Delaying: such as the inevitable bath or trip to the veterinarian. Dogs will use such delaying tactics as dawdling over dinner, a half-hour potty break request given at least once every 15 minutes, or a deep and irresistible need to stop and smell every tree, curb, signpost and tire between your car and the clinic's door.

Driver: WARNING! Do not let them fool you! Contrary to their attempts to convince you of their skills in this area by climbing in your lap and poking their heads through the steering wheel while you are driving, do not, I repeat do not let your dog drive. They can't get insurance, the policeman would never believe it and worst of all, who knows where they would take us (probably to the nearest garbage dump).

Dashboard riders: closely related to and immediately following above. If they aren't allowed to drive, they will proceed to climb on the dashboard and ride, attempting to make you think they are one of those dog ornaments with the wobbly heads. Their plan is for you not to notice that they are riding where they shouldn't be. A live dog dashboard ornament looks very nice until you fail to see through, around or over them and drive over and destroy the flowers planted in front of the county courthouse where you will promptly be arrested for disturbing the peace.

Disturbers: As in ones who interrupt and disturb your rest, your sleep and your peace of mind.

Dark-barker: Don't let your neighborhood get too quiet at night, get a dog, and let them do one of the things they do best - barking at the dark. They may bark at nocturnal creatures such as skunk, owls or partying teenagers. Or they may bark at the wind in the trees or at nothing at all. Regardless, when it turns dark, (the later the hour, the darker it becomes, thus the greater is the need for barking, according to my resident expert dark-barker) your dog will bark and make noise for you and your sleepless neighbors from dusk until dawn. Dark barking serves no special purpose except to remind you that dogs will be dogs, warning us of who knows what.

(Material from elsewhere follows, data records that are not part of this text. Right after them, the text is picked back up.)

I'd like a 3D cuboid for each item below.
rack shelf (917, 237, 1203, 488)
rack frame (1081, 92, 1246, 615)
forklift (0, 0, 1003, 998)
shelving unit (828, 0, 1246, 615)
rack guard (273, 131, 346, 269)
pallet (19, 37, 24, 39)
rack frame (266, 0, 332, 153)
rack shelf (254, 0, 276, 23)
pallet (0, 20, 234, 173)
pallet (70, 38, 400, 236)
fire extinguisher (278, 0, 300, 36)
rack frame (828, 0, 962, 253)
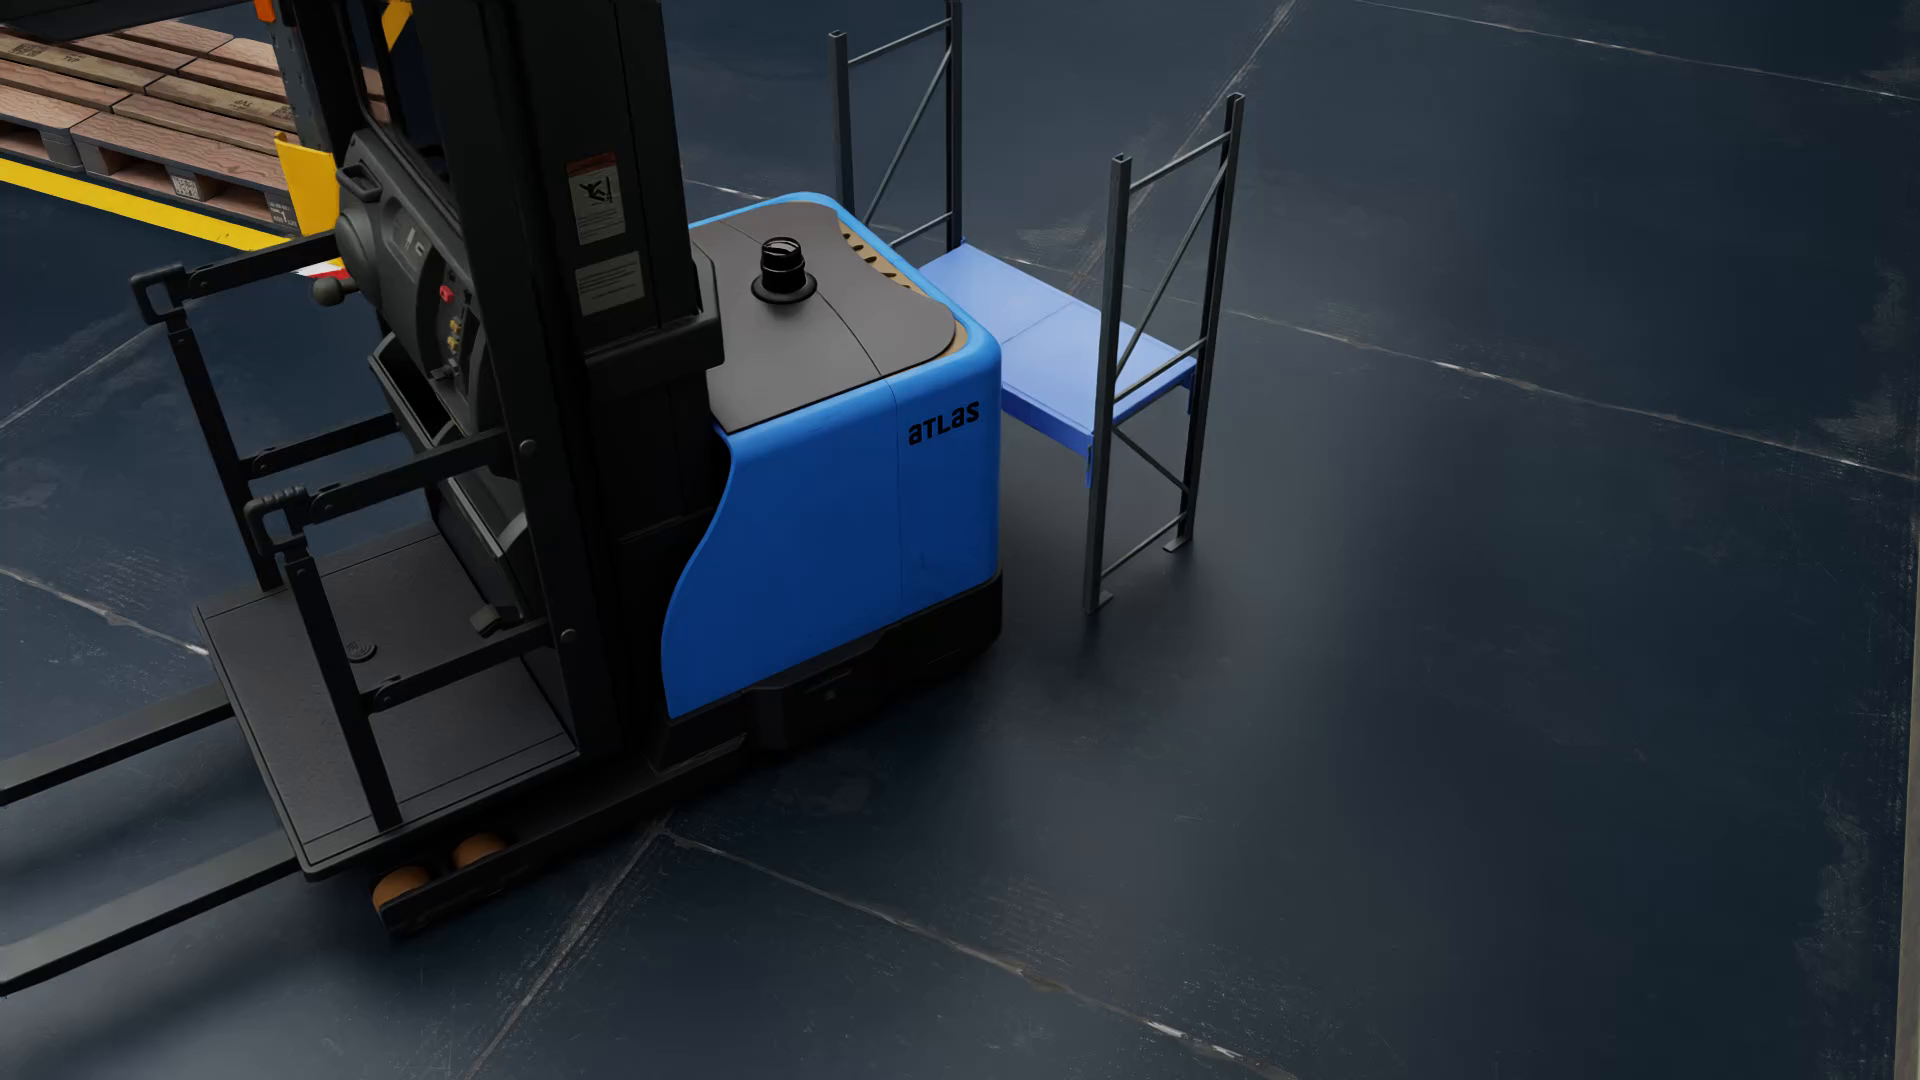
[{"bbox_3d":[0.186,-0.563,5.029,1.000,0.185,0.538,32,50,32],"label":"rack shelf"},{"bbox_3d":[0.551,-0.467,4.643,0.032,1.500,0.500,32,50,32],"label":"rack frame"},{"bbox_3d":[-1.395,-0.534,3.628,3.031,2.935,1.130,-23,46,-24],"label":"forklift"},{"bbox_3d":[0.186,-0.698,4.911,1.048,1.500,0.538,32,50,32],"label":"shelving unit"},{"bbox_3d":[-2.192,-1.609,6.724,0.348,0.500,1.175,17,44,19],"label":"rack guard"},{"bbox_3d":[-5.161,-2.426,7.887,1.213,0.211,1.003,17,44,19],"label":"pallet"},{"bbox_3d":[-2.219,-2.552,5.904,0.127,3.000,1.000,17,44,19],"label":"rack frame"},{"bbox_3d":[-4.032,-2.834,6.779,4.000,0.370,1.077,17,44,19],"label":"rack shelf"},{"bbox_3d":[-4.052,-2.089,7.498,1.213,0.211,1.003,17,44,19],"label":"pallet"},{"bbox_3d":[-2.950,-1.750,7.108,1.213,0.211,1.003,17,44,19],"label":"pallet"},{"bbox_3d":[-2.275,-2.071,5.692,0.183,0.674,0.296,17,44,19],"label":"fire extinguisher"},{"bbox_3d":[-0.178,-0.930,5.178,0.032,1.500,0.500,32,50,32],"label":"rack frame"}]

Defender of The Pack: As in the original title, Defender of the Faith, doggy faith that is, that everything must and will be all right in their little doggy families. The worst violation is disturbing nap time, theirs not ours; penalty, one night of dark barking. Other offenses which require defense are biscuit stealing and doorbell ringing and undomesticated toads or rabbits running loose in your yard.

Debedding, or Disembedding: 1) To remove the sheets, blankets and pillows from your bed in one quick, wild movement during play. This is best accomplished while you are sleepily preparing for bed, forcing you to remake the bed or sleep on the couch. 2) To dig up all the flowers or shrubs which you planted in the holes your dogs dug (see above).

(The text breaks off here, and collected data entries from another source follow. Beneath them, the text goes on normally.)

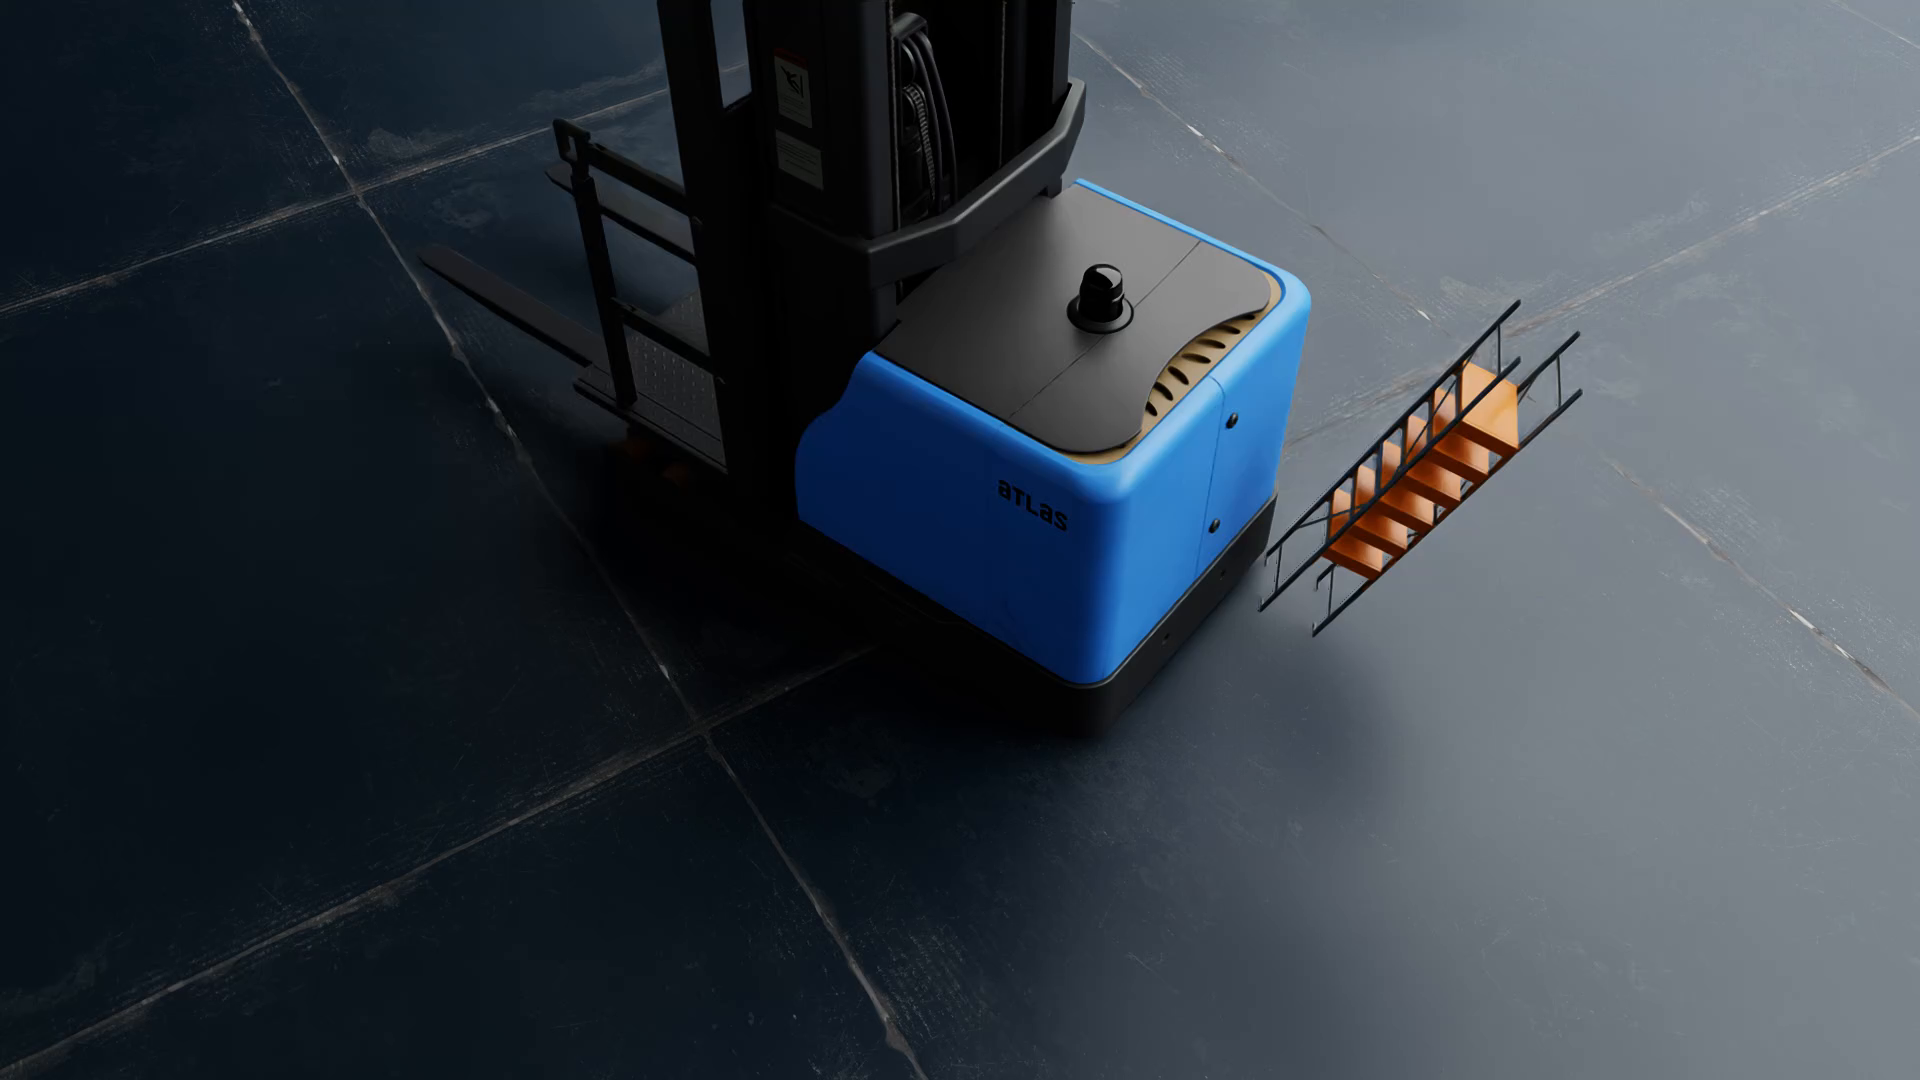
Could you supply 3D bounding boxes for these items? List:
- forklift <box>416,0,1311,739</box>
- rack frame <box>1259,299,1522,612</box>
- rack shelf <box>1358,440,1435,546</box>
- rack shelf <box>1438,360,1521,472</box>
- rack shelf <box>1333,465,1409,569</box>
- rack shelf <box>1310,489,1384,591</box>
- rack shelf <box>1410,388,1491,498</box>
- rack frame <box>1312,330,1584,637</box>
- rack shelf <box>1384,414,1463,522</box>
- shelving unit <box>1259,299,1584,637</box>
[{"bbox_3d":[-0.518,-1.340,4.480,3.031,2.935,1.130,30,55,24],"label":"forklift"},{"bbox_3d":[1.158,-0.199,4.589,0.006,1.200,0.240,25,49,-10],"label":"rack frame"},{"bbox_3d":[1.222,-0.137,4.638,0.180,0.103,0.258,25,49,-10],"label":"rack shelf"},{"bbox_3d":[1.365,-0.333,4.372,0.180,0.103,0.258,25,49,-10],"label":"rack shelf"},{"bbox_3d":[1.175,-0.072,4.727,0.180,0.103,0.258,25,49,-10],"label":"rack shelf"},{"bbox_3d":[1.127,-0.006,4.816,0.180,0.103,0.258,25,49,-10],"label":"rack shelf"},{"bbox_3d":[1.318,-0.268,4.461,0.180,0.103,0.258,25,49,-10],"label":"rack shelf"},{"bbox_3d":[1.322,-0.123,4.622,0.006,1.200,0.240,25,49,-10],"label":"rack frame"},{"bbox_3d":[1.270,-0.202,4.550,0.180,0.103,0.258,25,49,-10],"label":"rack shelf"},{"bbox_3d":[1.240,-0.161,4.606,0.189,1.200,0.258,25,49,-10],"label":"shelving unit"}]

Destroyer, Devourer: Closely related, both self-explanatory. Applies particularly to things, which you value greatly, are very expensive or cannot be easily replaced.

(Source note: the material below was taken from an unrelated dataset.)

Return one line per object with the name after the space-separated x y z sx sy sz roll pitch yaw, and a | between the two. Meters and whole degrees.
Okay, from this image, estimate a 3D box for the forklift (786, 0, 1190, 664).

Detail-oriented: Dogs do not go about haphazardly destroying things; rather, they are detail-oriented. Observe your dog delightedly shredding a paper towel. He or she will meticulously tear it up into tiny, equal-sized pieces, distributing it evenly over your entire living room floor 40 seconds prior to the arrival of company. "Detail" may also refer to their ability to work in teams, for example, a ditch-digging detail - when one member of the pack tires, they step back and let the next member of the work detail take over the destruction (or excavation depending on whose view point you consider).

Diligent: A dog's capacity to stick to the work which they have assigned themselves, not quitting until an item is totally obliterated, leaving you to detect and deduce from the ponderous remains, what exactly it was that your diligent, detailed devourers destroyed.

Devious: The manner in which they pursue the aforementioned activities. Signs that may indicate that deviousness is a (four)foot are complete silence from a remote part of the house or noises that sound like chewing on objects other than designated chew toys.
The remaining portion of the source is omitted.